(Extracted records)
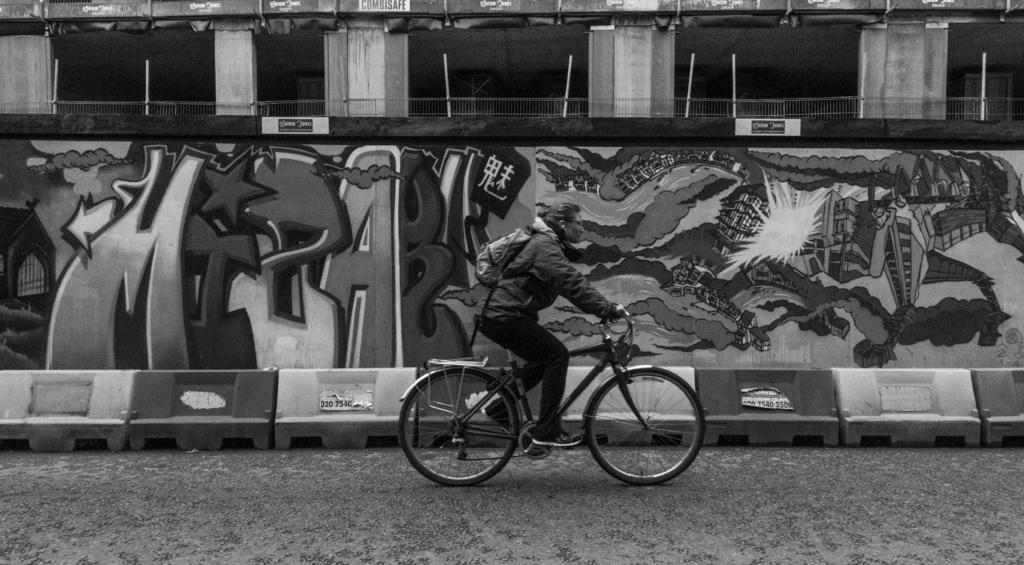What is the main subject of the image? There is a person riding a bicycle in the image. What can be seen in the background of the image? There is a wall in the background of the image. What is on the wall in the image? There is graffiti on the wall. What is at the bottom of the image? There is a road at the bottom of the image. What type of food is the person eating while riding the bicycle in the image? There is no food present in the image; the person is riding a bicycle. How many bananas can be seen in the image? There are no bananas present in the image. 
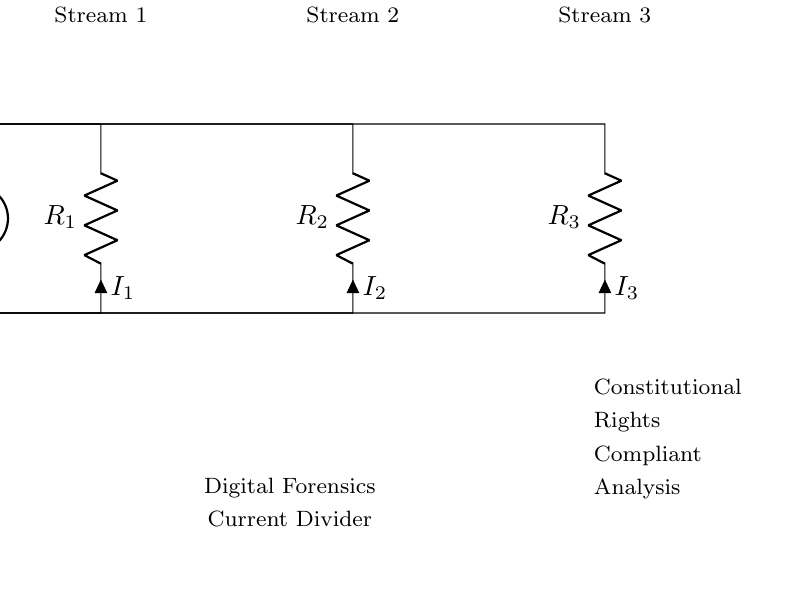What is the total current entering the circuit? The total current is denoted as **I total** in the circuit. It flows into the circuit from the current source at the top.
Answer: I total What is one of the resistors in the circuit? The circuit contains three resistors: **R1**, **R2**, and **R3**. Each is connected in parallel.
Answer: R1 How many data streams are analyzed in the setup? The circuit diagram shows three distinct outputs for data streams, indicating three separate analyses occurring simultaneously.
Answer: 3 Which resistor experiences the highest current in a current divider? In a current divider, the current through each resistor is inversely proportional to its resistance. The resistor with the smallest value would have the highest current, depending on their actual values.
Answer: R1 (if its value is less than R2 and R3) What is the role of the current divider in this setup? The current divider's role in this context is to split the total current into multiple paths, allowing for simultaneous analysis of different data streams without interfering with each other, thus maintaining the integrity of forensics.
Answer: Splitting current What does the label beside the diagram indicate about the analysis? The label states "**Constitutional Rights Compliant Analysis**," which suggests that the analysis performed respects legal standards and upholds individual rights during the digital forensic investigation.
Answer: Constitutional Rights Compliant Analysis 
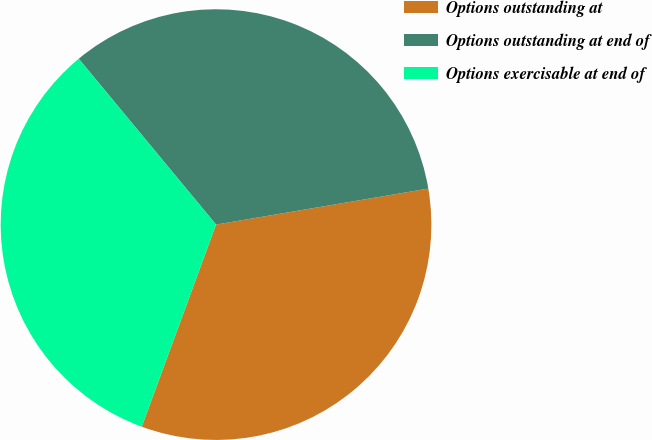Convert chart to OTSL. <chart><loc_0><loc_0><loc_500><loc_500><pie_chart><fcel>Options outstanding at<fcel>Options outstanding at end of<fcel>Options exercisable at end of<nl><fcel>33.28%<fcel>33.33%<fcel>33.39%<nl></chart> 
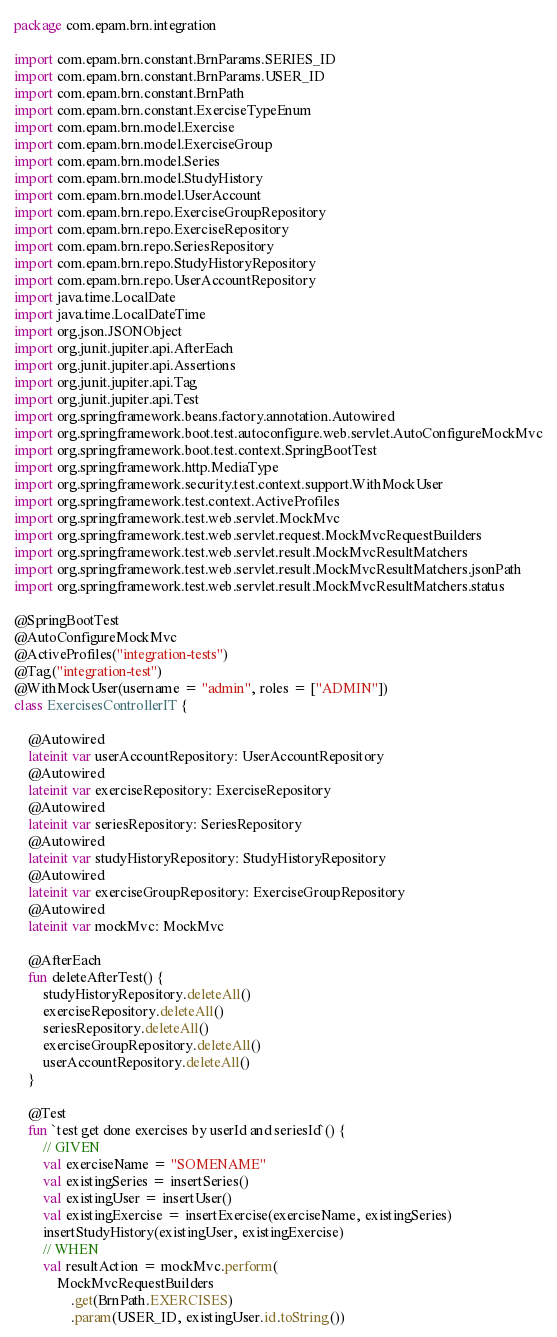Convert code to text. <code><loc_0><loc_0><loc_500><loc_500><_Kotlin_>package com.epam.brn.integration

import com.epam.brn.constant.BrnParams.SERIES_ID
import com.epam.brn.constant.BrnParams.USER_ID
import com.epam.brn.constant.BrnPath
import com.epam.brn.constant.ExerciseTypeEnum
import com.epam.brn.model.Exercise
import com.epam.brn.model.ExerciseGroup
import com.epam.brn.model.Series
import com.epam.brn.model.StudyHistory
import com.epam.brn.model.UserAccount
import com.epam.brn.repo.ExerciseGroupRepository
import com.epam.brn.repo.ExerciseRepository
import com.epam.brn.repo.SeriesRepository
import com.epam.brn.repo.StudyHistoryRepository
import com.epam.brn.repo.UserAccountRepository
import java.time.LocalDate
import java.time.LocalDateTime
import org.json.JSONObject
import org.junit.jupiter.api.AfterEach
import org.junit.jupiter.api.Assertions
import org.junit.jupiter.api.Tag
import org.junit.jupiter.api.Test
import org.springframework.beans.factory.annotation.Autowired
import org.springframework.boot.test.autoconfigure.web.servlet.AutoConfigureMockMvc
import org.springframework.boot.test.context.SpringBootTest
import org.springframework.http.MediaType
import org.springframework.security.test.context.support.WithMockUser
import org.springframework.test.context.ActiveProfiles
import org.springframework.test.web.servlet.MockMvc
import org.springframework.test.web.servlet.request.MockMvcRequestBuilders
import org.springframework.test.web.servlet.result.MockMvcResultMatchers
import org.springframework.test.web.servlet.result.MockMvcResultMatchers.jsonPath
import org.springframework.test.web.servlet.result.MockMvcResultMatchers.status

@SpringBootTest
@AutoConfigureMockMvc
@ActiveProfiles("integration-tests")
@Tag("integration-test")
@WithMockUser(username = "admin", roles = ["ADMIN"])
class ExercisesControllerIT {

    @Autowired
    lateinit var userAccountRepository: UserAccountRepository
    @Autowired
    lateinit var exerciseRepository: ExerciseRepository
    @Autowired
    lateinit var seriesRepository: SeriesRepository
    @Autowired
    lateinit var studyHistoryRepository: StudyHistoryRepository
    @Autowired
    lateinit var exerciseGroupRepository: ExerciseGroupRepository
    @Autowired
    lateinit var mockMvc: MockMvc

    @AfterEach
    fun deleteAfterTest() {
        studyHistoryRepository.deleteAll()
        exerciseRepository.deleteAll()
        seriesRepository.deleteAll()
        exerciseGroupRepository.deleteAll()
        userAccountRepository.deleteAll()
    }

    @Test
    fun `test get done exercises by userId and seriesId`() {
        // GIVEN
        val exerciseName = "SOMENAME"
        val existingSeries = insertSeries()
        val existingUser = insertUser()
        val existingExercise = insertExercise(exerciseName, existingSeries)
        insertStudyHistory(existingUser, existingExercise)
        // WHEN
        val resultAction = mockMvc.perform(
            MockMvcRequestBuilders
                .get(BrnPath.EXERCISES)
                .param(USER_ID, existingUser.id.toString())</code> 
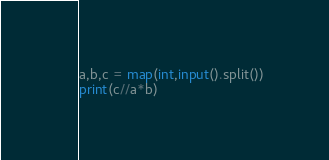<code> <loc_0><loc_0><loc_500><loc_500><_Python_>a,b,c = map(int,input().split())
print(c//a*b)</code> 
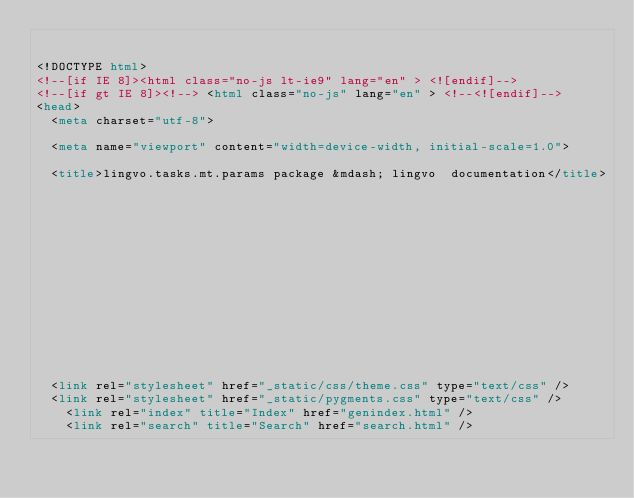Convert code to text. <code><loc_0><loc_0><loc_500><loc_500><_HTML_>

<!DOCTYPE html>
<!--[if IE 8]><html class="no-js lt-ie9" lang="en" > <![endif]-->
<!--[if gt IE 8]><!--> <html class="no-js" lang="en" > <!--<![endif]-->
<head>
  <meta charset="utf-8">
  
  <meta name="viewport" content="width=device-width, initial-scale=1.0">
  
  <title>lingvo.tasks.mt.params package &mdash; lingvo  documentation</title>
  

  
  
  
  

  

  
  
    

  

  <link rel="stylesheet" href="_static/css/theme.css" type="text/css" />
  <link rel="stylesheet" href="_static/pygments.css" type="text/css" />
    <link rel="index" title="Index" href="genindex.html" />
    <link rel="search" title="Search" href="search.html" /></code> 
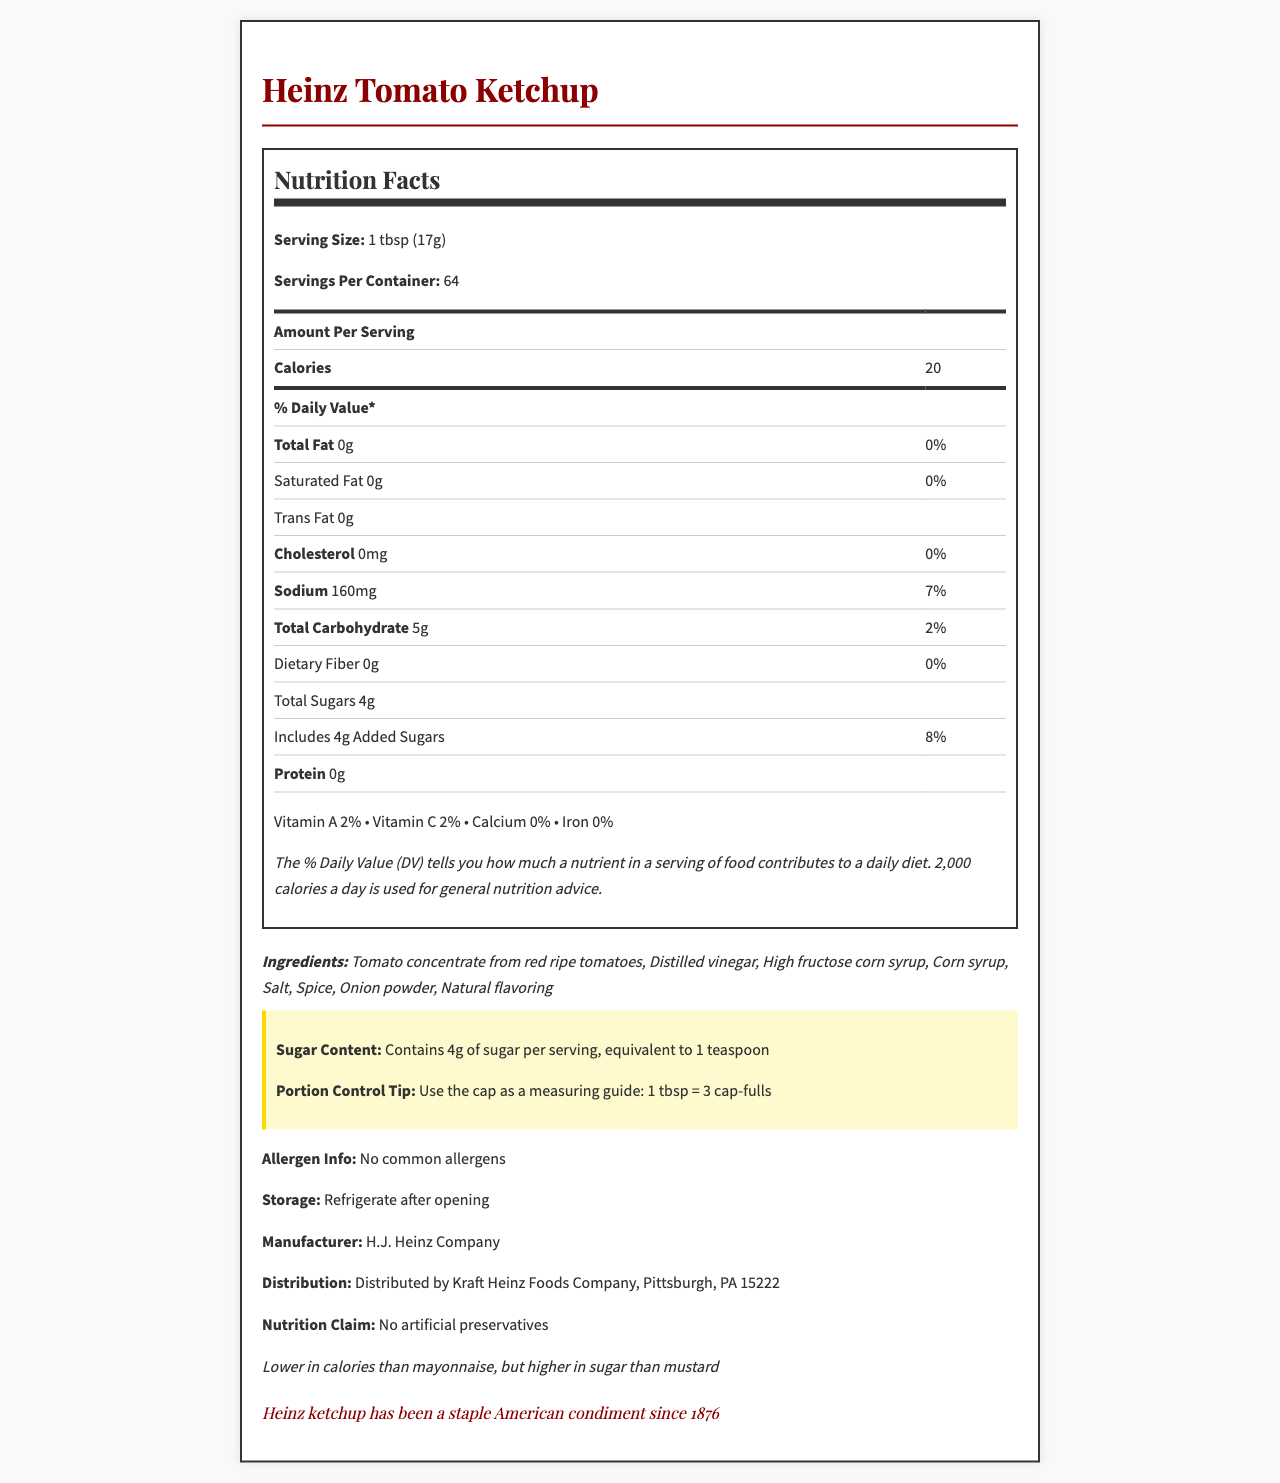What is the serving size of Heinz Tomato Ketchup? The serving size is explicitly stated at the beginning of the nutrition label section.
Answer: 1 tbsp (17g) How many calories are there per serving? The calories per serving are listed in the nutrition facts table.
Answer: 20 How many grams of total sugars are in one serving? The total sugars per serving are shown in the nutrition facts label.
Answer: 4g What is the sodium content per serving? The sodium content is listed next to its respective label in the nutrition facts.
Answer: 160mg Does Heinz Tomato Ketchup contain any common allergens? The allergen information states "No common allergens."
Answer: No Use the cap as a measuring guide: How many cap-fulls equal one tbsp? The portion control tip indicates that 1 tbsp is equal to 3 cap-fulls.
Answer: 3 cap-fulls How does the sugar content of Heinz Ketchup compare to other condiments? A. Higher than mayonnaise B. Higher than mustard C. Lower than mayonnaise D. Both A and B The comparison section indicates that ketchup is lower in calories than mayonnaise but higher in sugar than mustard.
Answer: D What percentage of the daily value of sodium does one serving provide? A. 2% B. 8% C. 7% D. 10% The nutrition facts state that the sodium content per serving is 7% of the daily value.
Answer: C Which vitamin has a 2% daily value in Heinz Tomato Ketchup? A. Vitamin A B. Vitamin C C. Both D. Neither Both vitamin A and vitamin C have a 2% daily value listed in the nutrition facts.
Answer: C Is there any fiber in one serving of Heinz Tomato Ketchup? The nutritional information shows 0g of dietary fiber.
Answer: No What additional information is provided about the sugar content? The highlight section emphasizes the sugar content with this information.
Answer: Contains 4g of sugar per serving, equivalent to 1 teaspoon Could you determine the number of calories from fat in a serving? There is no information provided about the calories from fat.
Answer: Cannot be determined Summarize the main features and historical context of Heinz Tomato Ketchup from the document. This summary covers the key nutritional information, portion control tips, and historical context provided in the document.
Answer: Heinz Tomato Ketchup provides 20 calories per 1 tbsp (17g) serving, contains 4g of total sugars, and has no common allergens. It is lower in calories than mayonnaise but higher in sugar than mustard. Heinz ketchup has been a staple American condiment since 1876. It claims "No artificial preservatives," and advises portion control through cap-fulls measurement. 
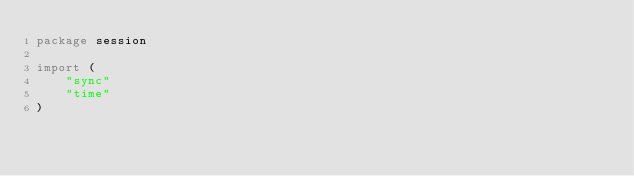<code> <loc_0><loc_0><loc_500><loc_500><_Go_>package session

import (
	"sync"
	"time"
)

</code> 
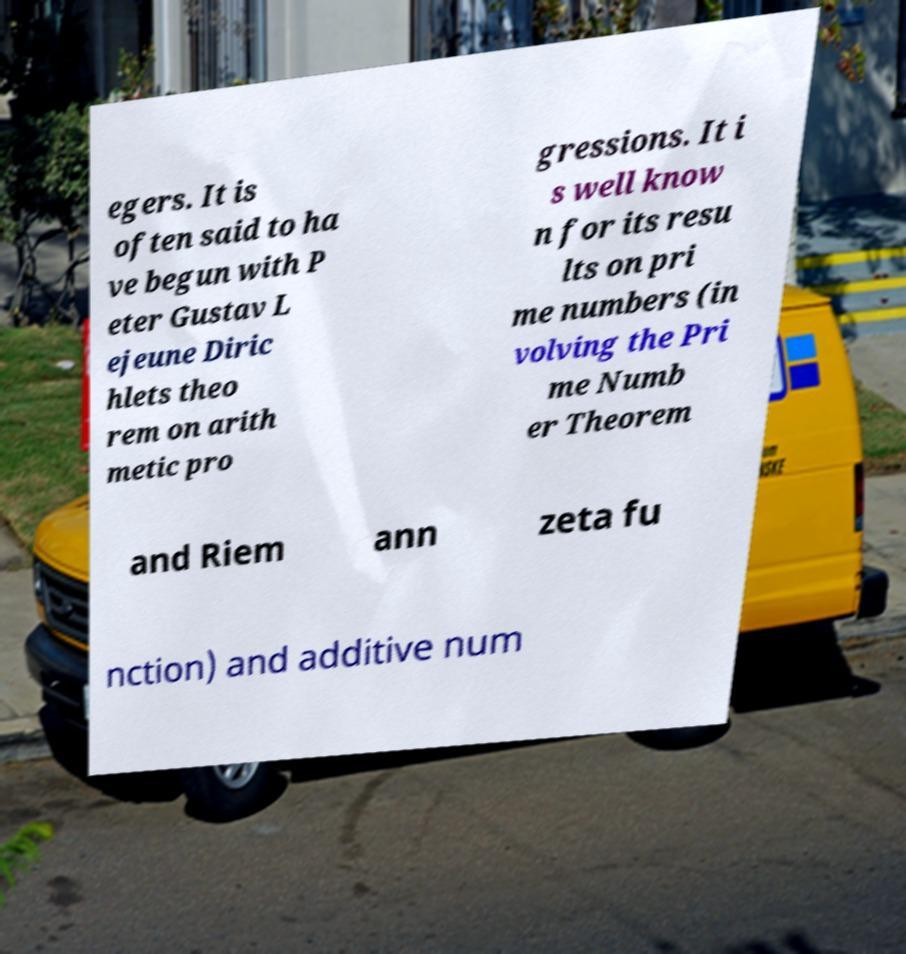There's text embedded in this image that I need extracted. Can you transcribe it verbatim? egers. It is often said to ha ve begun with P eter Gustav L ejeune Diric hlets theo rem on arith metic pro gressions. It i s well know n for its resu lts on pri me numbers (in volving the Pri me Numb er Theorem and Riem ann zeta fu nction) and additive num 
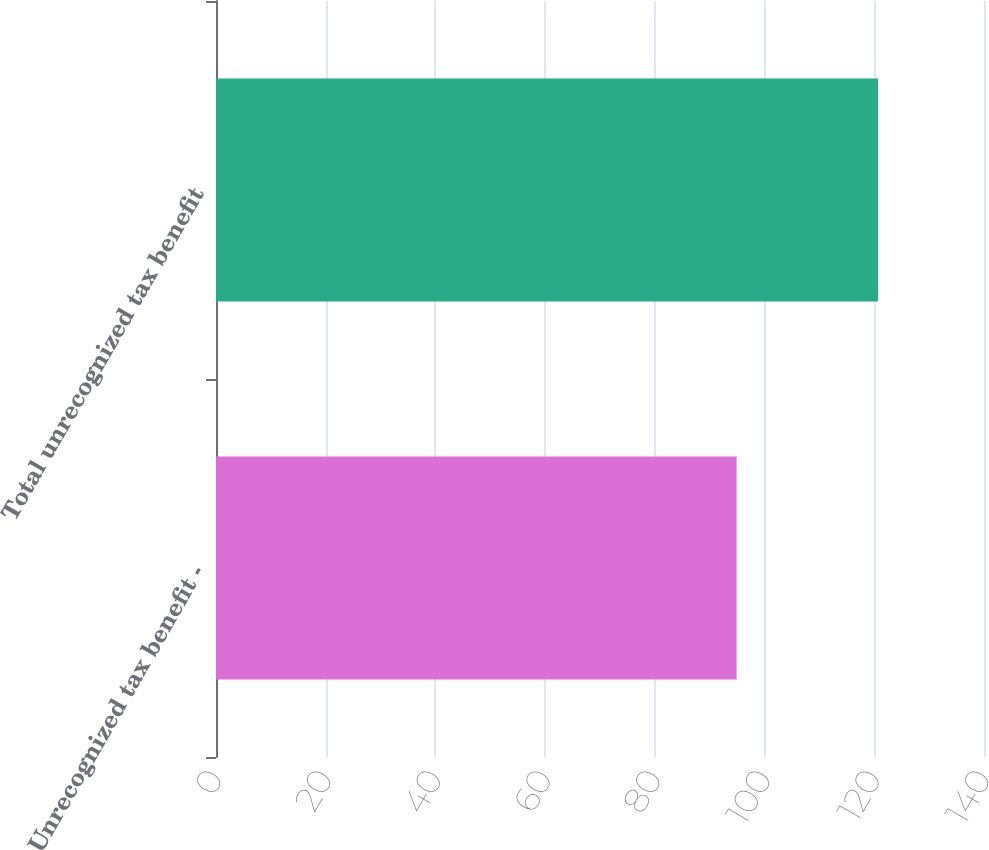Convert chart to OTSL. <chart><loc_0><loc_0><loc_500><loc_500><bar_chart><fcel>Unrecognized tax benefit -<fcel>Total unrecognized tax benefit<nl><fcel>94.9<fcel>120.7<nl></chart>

Directions:
Reproduce only the lines running from the beginning of the entries above to the line holding "Answer: R1 How", inclusive. Pictures stay out of the copy.

Written response:
What is the main subject of the image? There is a person riding a bicycle in the image. What can be seen in the background of the image? There is a wall in the background of the image. What is on the wall in the image? There is graffiti on the wall. What is at the bottom of the image? There is a road at the bottom of the image. What type of food is the person eating while riding the bicycle in the image? There is no food present in the image; the person is riding a bicycle. How many bananas can be seen in the image? There are no bananas present in the image. 
What is the total current entering the circuit? The total current is denoted as **I total** in the circuit. It flows into the circuit from the current source at the top.
Answer: I total What is one of the resistors in the circuit? The circuit contains three resistors: **R1**, **R2**, and **R3**. Each is connected in parallel.
Answer: R1 How many data streams are analyzed in the setup? The circuit diagram shows three distinct outputs for data streams, indicating three separate analyses occurring simultaneously.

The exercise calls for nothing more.